Вот и мне так кажется, — поддержала ее вторая студийка. — Как же можно не учитывать своего отношения к человеку? Буду говорить про «Вишневый сад». Я там играю Аню; мне поручено привезти маму из-за границы домой. Если я не буду знать, как я отношусь к маме, что она пережила, ведь я могу вести себя иначе, чем требуется по пьесе.

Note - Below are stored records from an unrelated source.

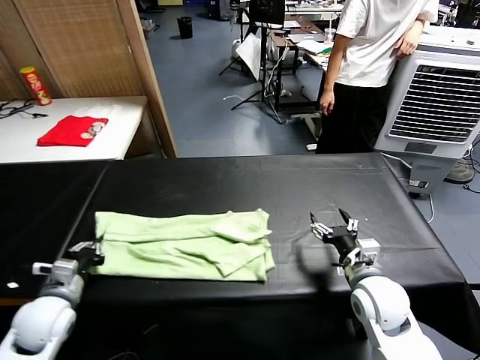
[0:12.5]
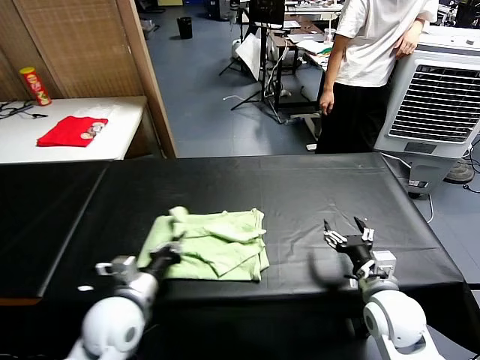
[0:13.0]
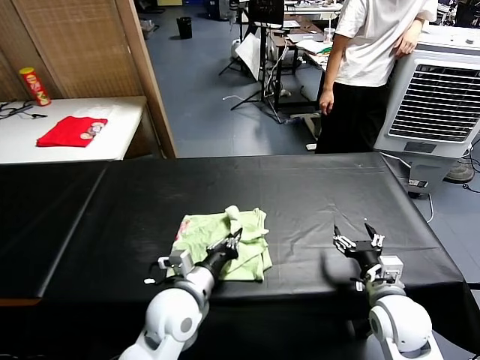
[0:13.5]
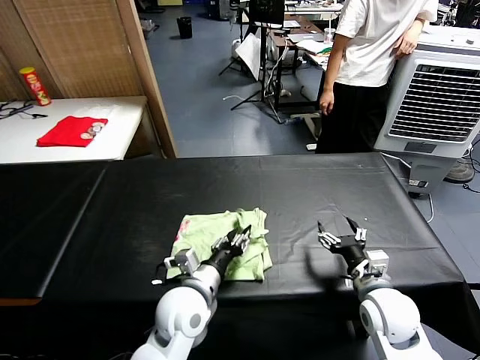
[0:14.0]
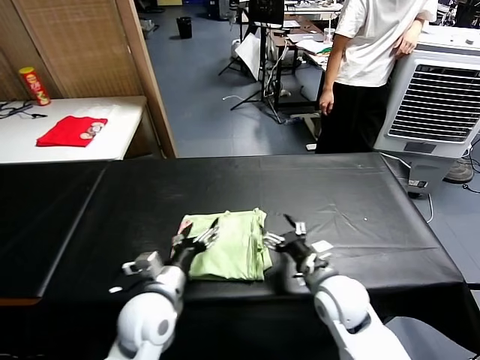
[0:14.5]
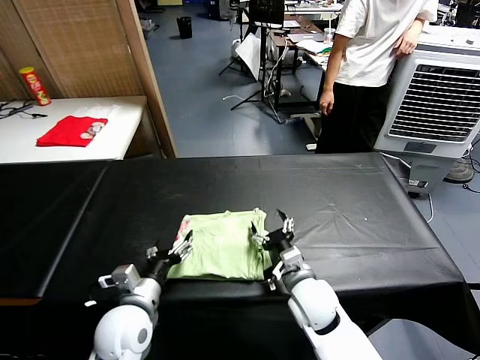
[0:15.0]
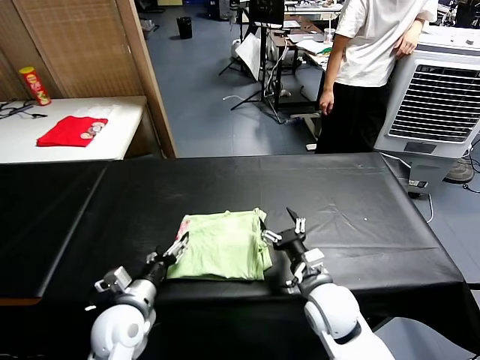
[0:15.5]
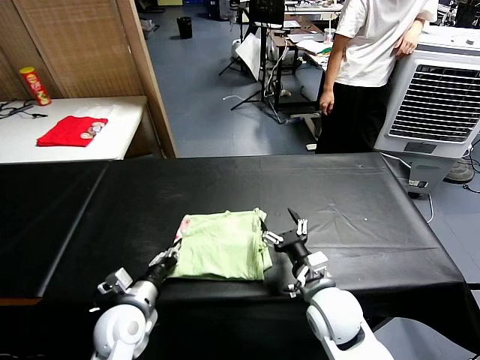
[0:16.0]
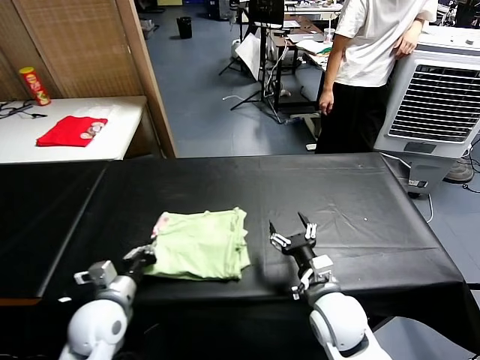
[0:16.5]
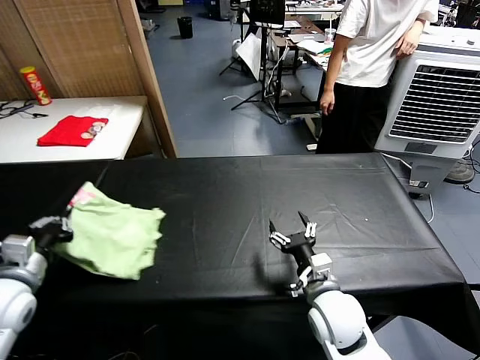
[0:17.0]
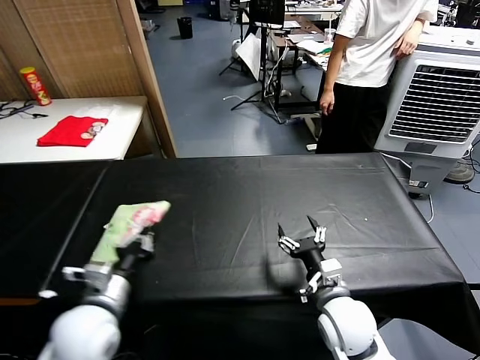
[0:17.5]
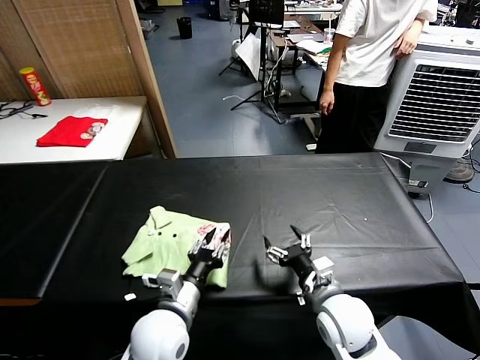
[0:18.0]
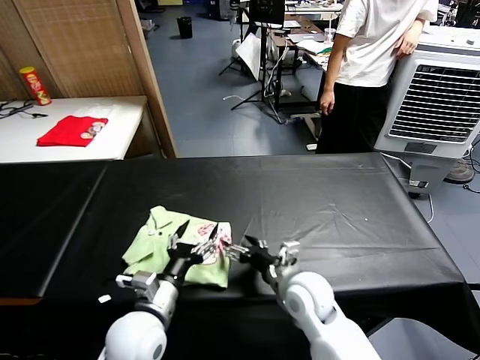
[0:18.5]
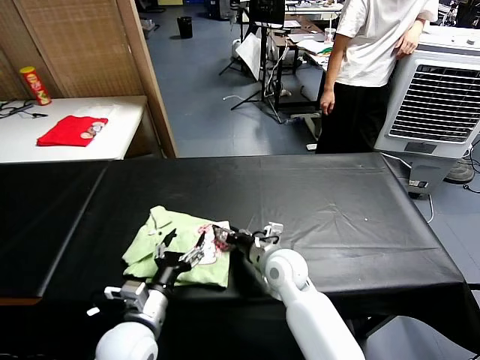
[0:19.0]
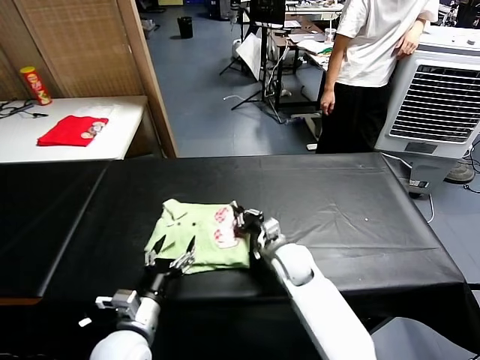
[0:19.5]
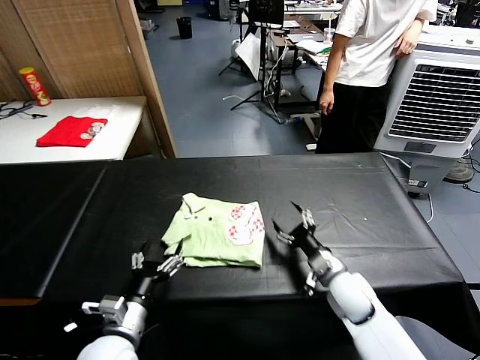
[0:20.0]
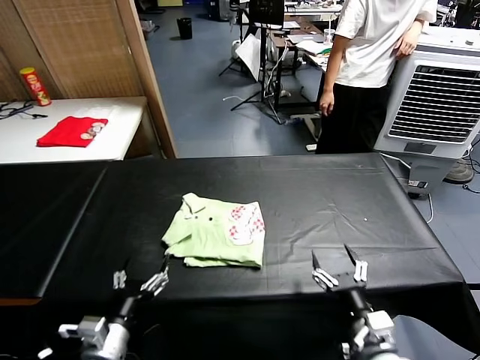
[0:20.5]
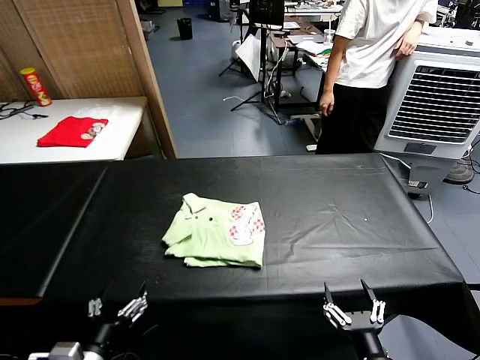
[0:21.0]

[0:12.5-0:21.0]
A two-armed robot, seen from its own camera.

Все, что вы говорите, правильно, — успокоил их Станиславский. — Но вы забегаете вперед. На данном этапе мне это не нужно… В прежнее время, когда выходили репетировать, то старались создать обстановку пьесы, даже наклеивали носы, чтобы лучше почувствовать образ. Теперь мы этим не пользуемся, потому что это может вызвать чувства, а может и не вызвать. Есть более доступный путь — путь физического действия… Я ищу роль в вас, и для того, чтобы вы поняли логику данного лица, заставляю вас делать самые простые вещи. Фокус только в том, что я выбиваю из-под вас почву актерскую, на которой вы стоите, и даю вам настоящую, жизненную. Вы начинаете мне говорить о своей жизни, а не о каком-то лице, которого вы не знаете. Первое время это будет медленно, не в ритме, но потом эта линия накатывается, пойдет без пропусков, и вам будет легко.
После этого было предложено начать репетицию. Но теперь студиец, который исполнял роль Ромео, уже заняв свое место, попросил разрешения задать вопрос.